Though she didn’t end up with the job she was hoping for, Martin still received a promotion of sorts when, in September 2018, she was asked to convene the Environment, Climate Change and Land Reform Committee. “I got to convene the committee that took forward the Climate Change Act,” she says. “I got to represent that committee at the Arctic Circle Conference twice and I also got to delve into an area of work that was amazing with climate change and the environment.”

Martin couldn’t shake off the feeling of how easily her life had been turned upside down by something she’d posted online years before, though, and she decided to put both that and her past experience of working in video production to good use to ensure the younger generation don’t get similarly caught out. 
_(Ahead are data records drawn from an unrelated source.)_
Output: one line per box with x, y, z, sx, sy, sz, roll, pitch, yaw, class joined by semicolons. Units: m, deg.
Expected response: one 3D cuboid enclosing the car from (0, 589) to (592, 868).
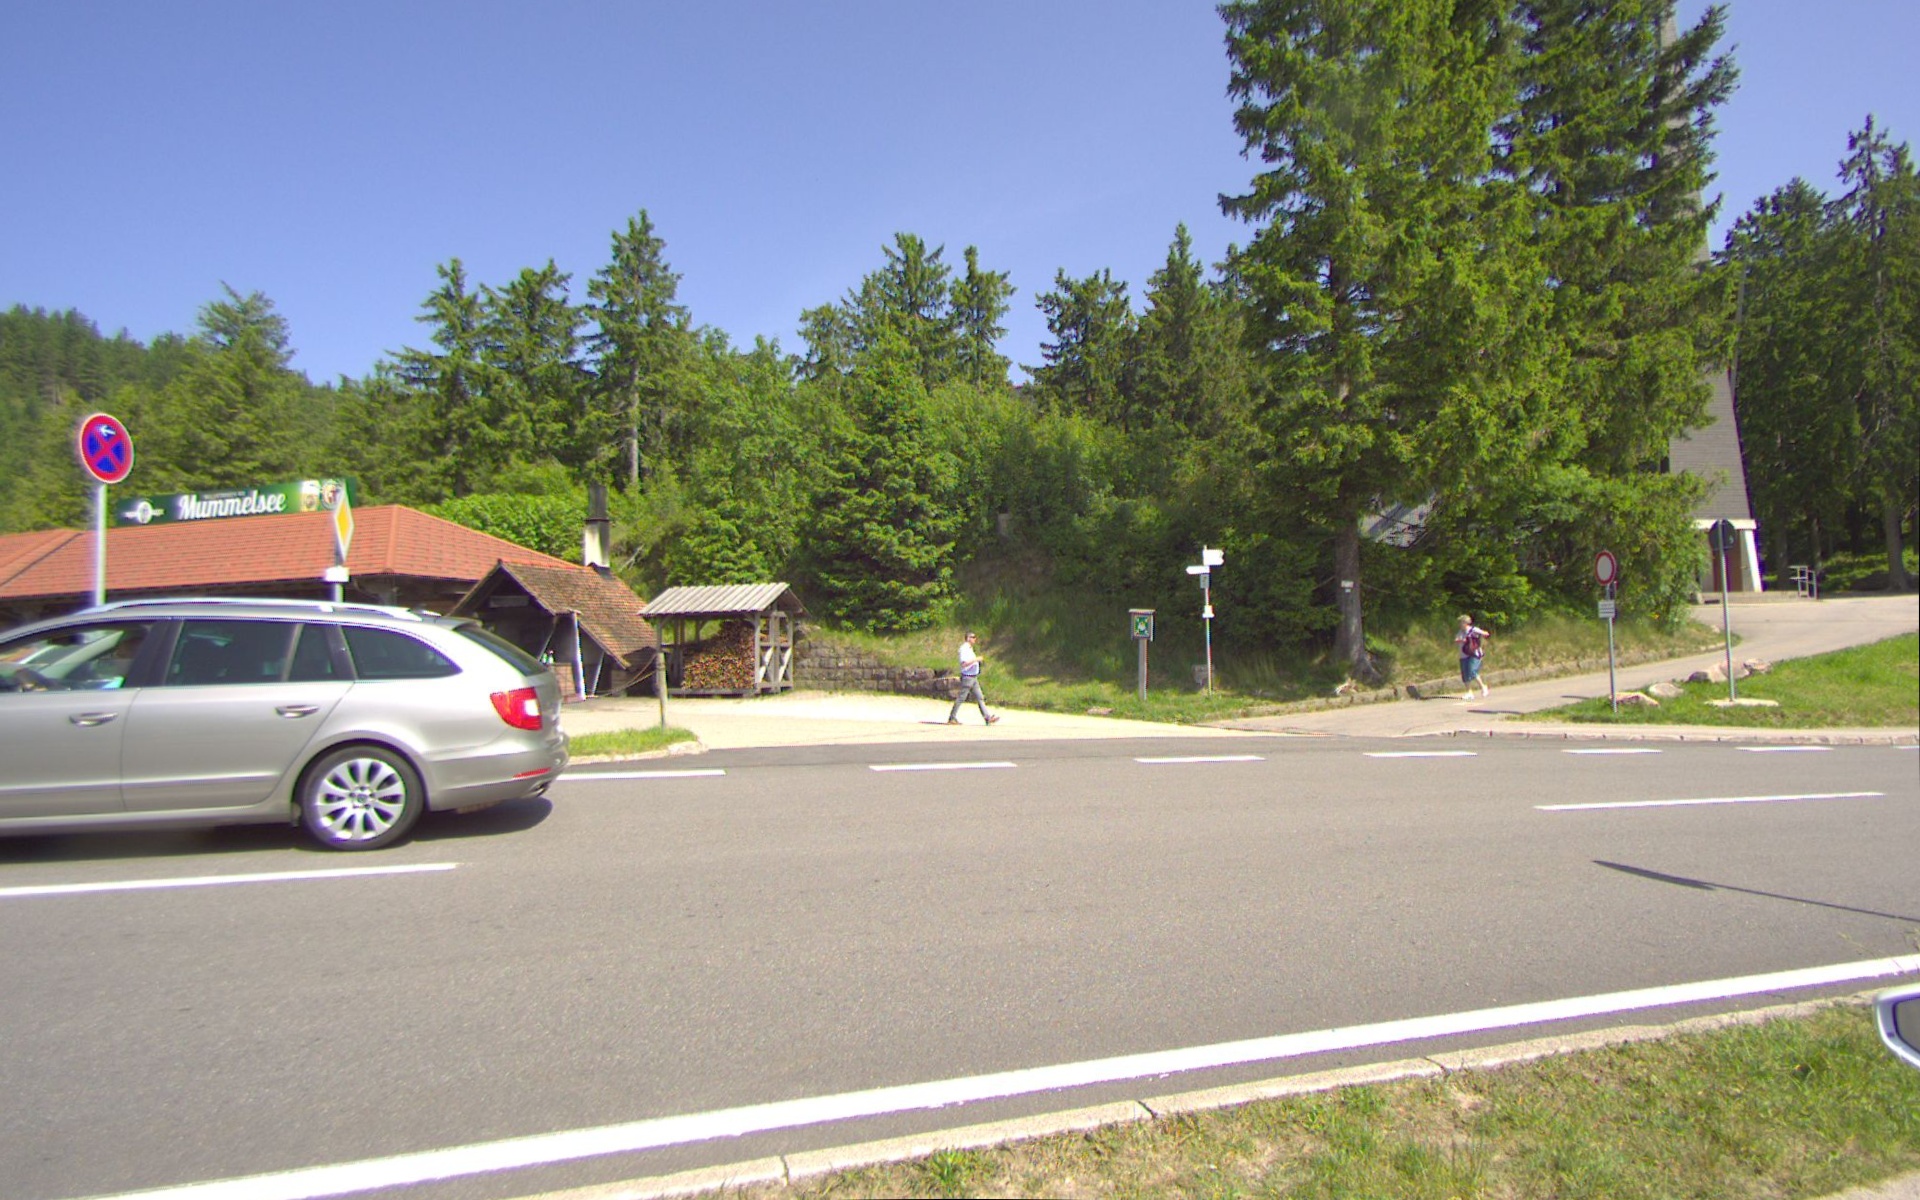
-4.905;0.714;6.442;4.638;1.494;1.878;1;-1;-17;car

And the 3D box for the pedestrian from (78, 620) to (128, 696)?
-23.378;1.574;27.416;0.911;2.040;0.722;-1;-2;29;pedestrian

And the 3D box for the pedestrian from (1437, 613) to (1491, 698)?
10.319;1.129;20.577;0.672;1.703;0.719;1;-3;-20;pedestrian

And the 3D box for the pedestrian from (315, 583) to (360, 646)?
-17.482;0.419;28.217;0.789;1.759;0.748;-1;-3;32;pedestrian

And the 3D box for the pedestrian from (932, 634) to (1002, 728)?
0.148;1.505;19.024;1.139;1.720;0.980;0;-3;12;pedestrian

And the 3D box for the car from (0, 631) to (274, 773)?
-10.368;1.079;10.999;1.689;1.449;4.502;-1;-3;22;car

“I felt strongly about how I could do some work around protecting young people from their social media life,” she says. “I did a piece of work with my old college about the problem of sharing too much on the internet, not so much about what people were saying but the photos they were posting that would destroy their lives if they ever came up. I worked with my old colleagues and students on a campaign called Be Share Aware. We made two videos and one has been viewed a million times.

“I didn’t overtly want to go out and talk about what happened to me because who cares? I’ve made the most of my lot since then but I did want to do something that helped young people and the people who work with young people to focus on the dangers of their internet footprint, which I really, really worry about for young people who have grown up with social media. Will we get to a point where people will never be able to get into politics or a certain job because someone has delved into what they said years ago? If it can happen to me, a woman at the time in her late 40s, who moved into a new world and her old world came crashing in and caused a very embarrassing moment for me and my family and colleagues, then I want to do something with it.”

Though the humiliation is still raw and Martin clearly regrets the fuss the situation caused, there is a sense that in some ways the experience has been beneficial to her. Not only has it enabled her to channel something negative into positivity, but it has also allowed her to regain some of the self she lost when she left her creative life to move into politics.

“It was the steepest of learning curves,” she says, of the change from college lecturer and independent video producer to politician that happened overnight in May 2016. “Coming from quite a creative background, being involved in a lot of video work and teaching students how to make TV programmes – and I was also involved in the arts and crafts scene – to all of a sudden being in the public eye in a political sense, it had advantages but also disadvantages. [Politics] is a completely different place with completely different expectations and it was a difficult transition to make. I guess I don’t have much of an outlet for creativity any more, which I do miss to a certain extent. It’s a great job – I love it, though it’s all-consuming, but there are certain aspects of my being that I had to shelve in order to do the job justice and get stuck in.”